Having successfully completed the pilot, program with 12 banks and 4 Telcos, the Asaan Mobile Account (AMA) can be used to disburse the amount onto the mobile account of the beneficiaries, which they can use to purchase rations from utility stores and/or registered groceries agents such as Imtiaz, Chaseup etc. Encouraged by the World Bank and for “financial inclusion” and developed by the SBP in conjunction with Pakistan Telecommunication Authority (PTA) the scheme is ready to be launched. The great plus point is the agent interoperability, the manifold  increased Points of Sale (POS) not only increase the number of cash disbursement points but importantly avoids crowding and serves the purpose laid out by the government to help the vulnerable families to spend the major portion of the amount credited on the purpose it is meant for – namely buying food stuff.

At least 4 of the banks on the AMA Pilot Project are ready to give out micro-loans.  There are some issues to be sorted out, one hopes that SBP, PTA and the Telcos will expedite this for the benefit of Pakistan, the mass population and the other multiple benefits that go with documenting the economy.  Certainly FBR should have a vested interest in AMA Scheme. Such an AMA account can be opened easily by dialing the USSD code from their mobiles or by using the registration data from the Ehsaas Program. Once the amount will be credited in the account, the person can go to the nearest Utility Store or any registered grocery agent, buy groceries either for the full PRS. 12.000 or for the minimum amount (75%) set by the government (e.g. Rs 9,000) and pay the amount using the same USSD code. The balance money not used for groceries can be encashed at the same place.
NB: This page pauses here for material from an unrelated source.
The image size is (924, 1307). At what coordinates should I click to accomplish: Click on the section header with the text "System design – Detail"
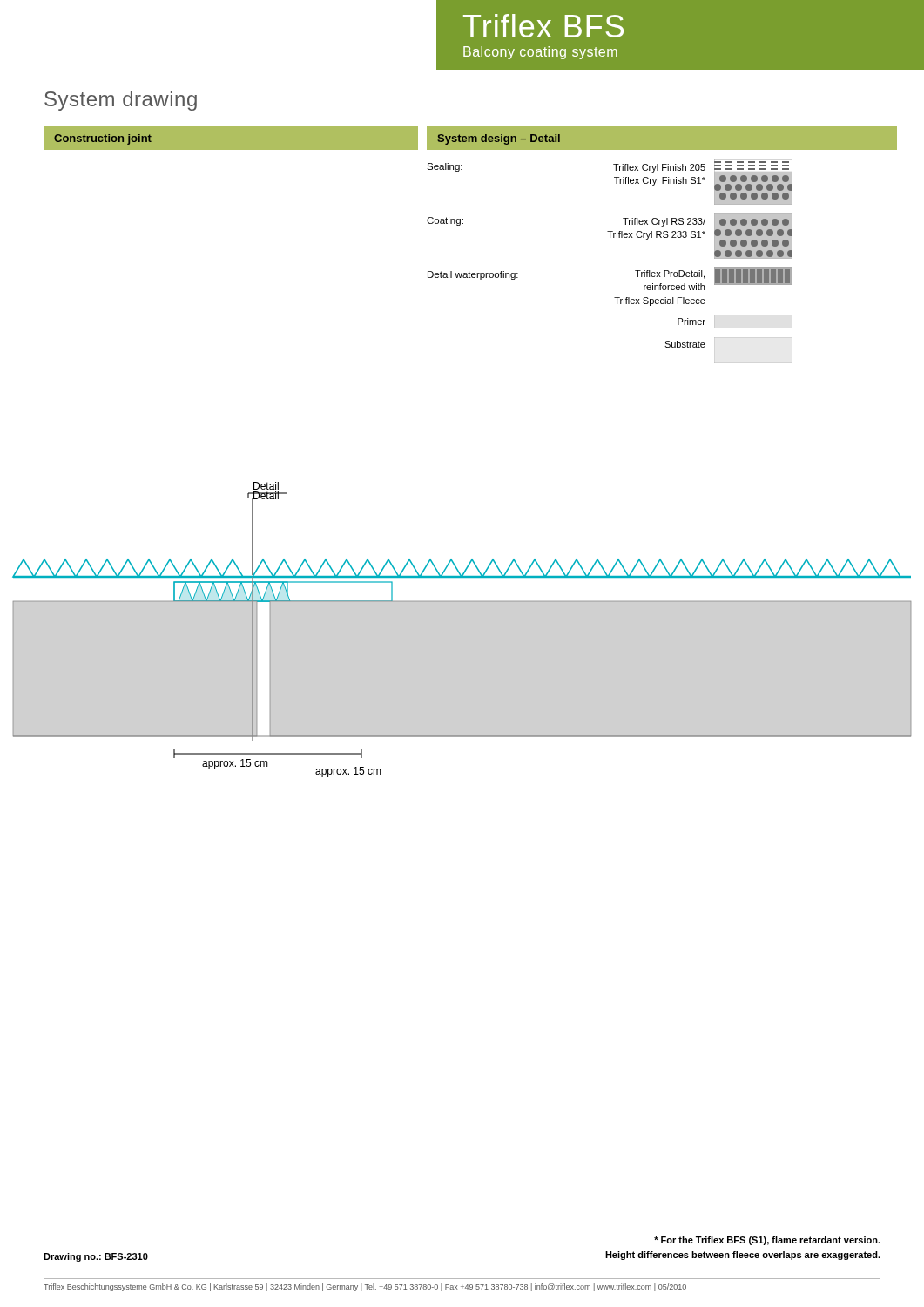(499, 138)
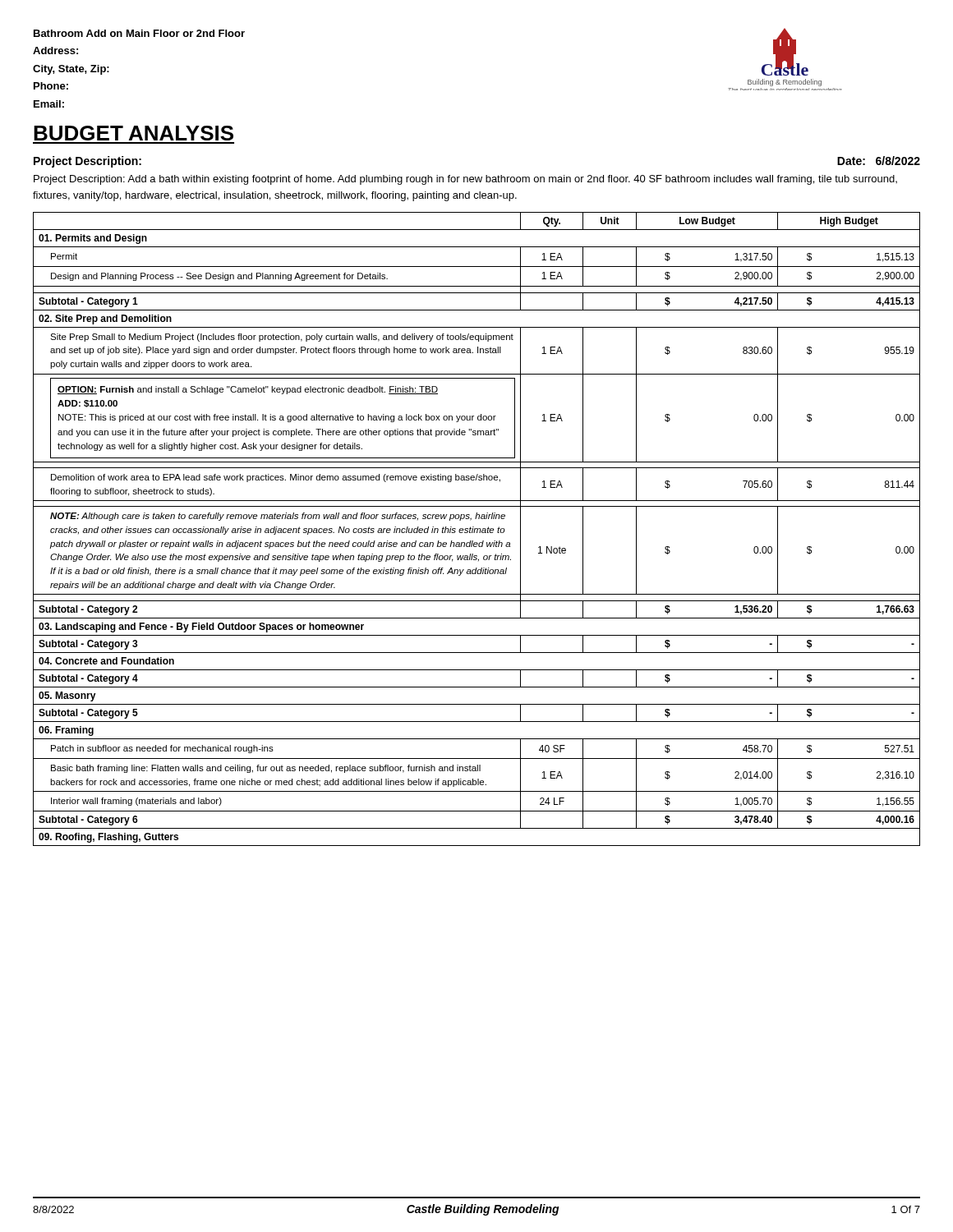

It was a pleasure to hear similar views expressed by Thomas E. Abell, Advisor to ADB, on a “Virtual Seminar: “Improving Digital Access and Connectivity to Support People and Businesses through COVID-19 and Beyond” on June 18, 2020.

Everywhere in the world “financial inclusion” is the buzzword and digital mechanism is the key, why is there opposition to it in Pakistan, and from whom?  In far-flung areas using mobile phones for cash transfers, bill payment and purchases is a method that already today reaches many more people than traditional banking by cash money or cards. How can one explain to the World Bank and ADB that while the regulators are pushing this as much as they can the vested commercial interest of the middle level managers giving misleading statistics is waylaying effective decision-making by the senior corporate executives?  The future has really become difficult not only because of the pandemic but because of the greed of a few individuals with their own personal interest in making money for themselves.  It is in the national and public interest to identify such people so that we can confront our problems with intelligent solutions.